It has often been said that when Australia’s white Anglo-Saxon founding fathers drafted the Constitution in 1901, they could not have foreseen how family constellations would change over the next century and how family law would (or would not) keep abreast of those changes.
We now have many different types of families. We have families with and without children, single parents and blended or step families. We have heterosexual and same-sex de facto couples; separated, divorced and widowed couples. We also have families with children born through assisted reproductive technology or altruistically “acquired” through surrogacy, adoption or foster care.
All these are well depicted in popular culture including a plethora of television shows dating back to Batman and his ward Robin, and the ever-happy blended Brady Bunch through to the contemporary How I Met Your Mother and comic Modern Family.
The truth is, however, that the Old and New Testaments hold numerous examples of precursors to the traditional nuclear family of a father, mother and two children.

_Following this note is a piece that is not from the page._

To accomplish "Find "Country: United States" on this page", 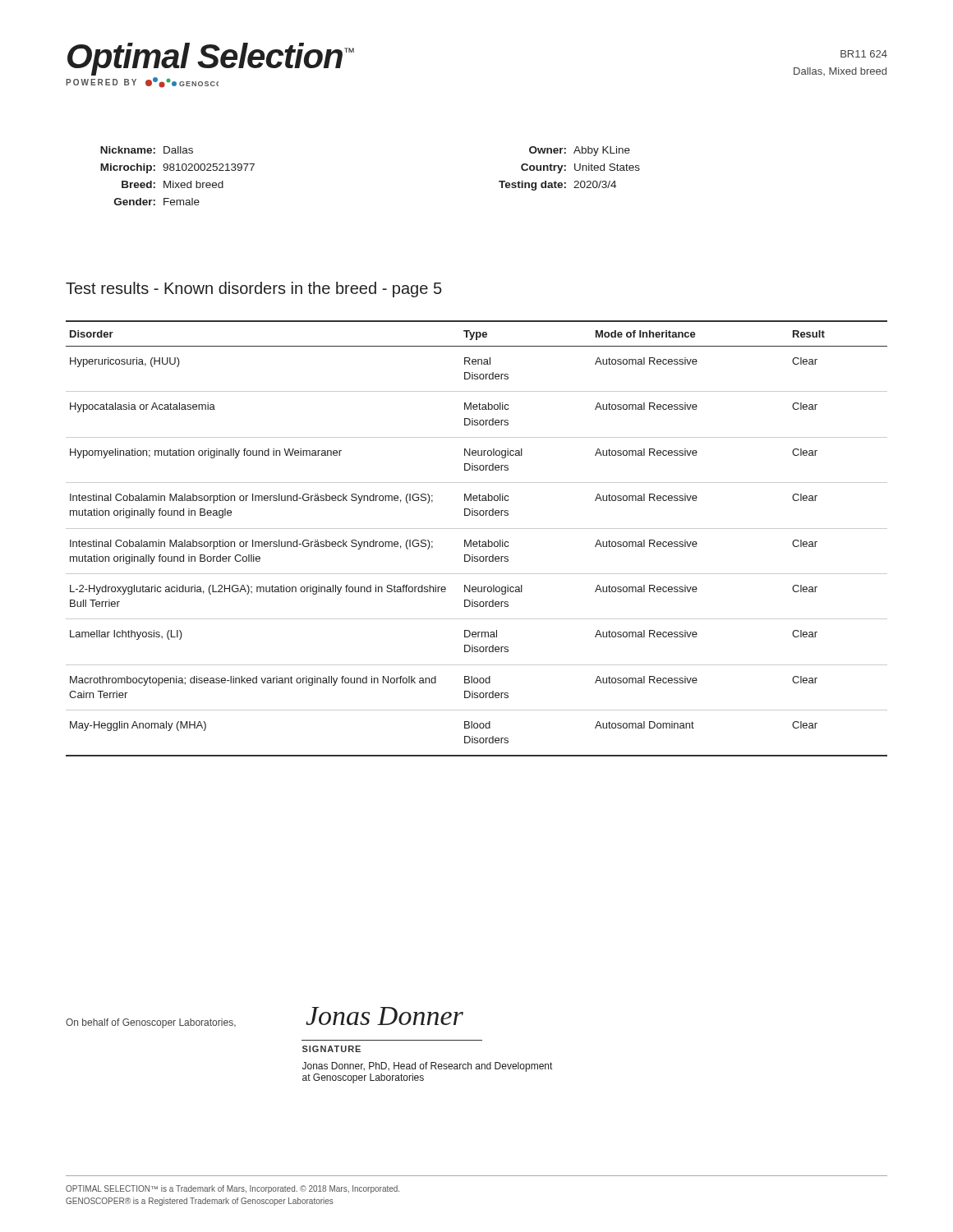I will (558, 167).

Adam and Eve had two sons and then one son killed his brother, transforming their dynamic to a one-child family. Moses was abandoned and raised by strangers. Rachel could not conceive and added a child to her family through a surrogate. Ruth and Naomi were both widowed and childless but made a life together. Jesus Christ was a product of an immaculate conception and brought up by foster parents.
Given these examples, it has taken millennia for the law to catch up.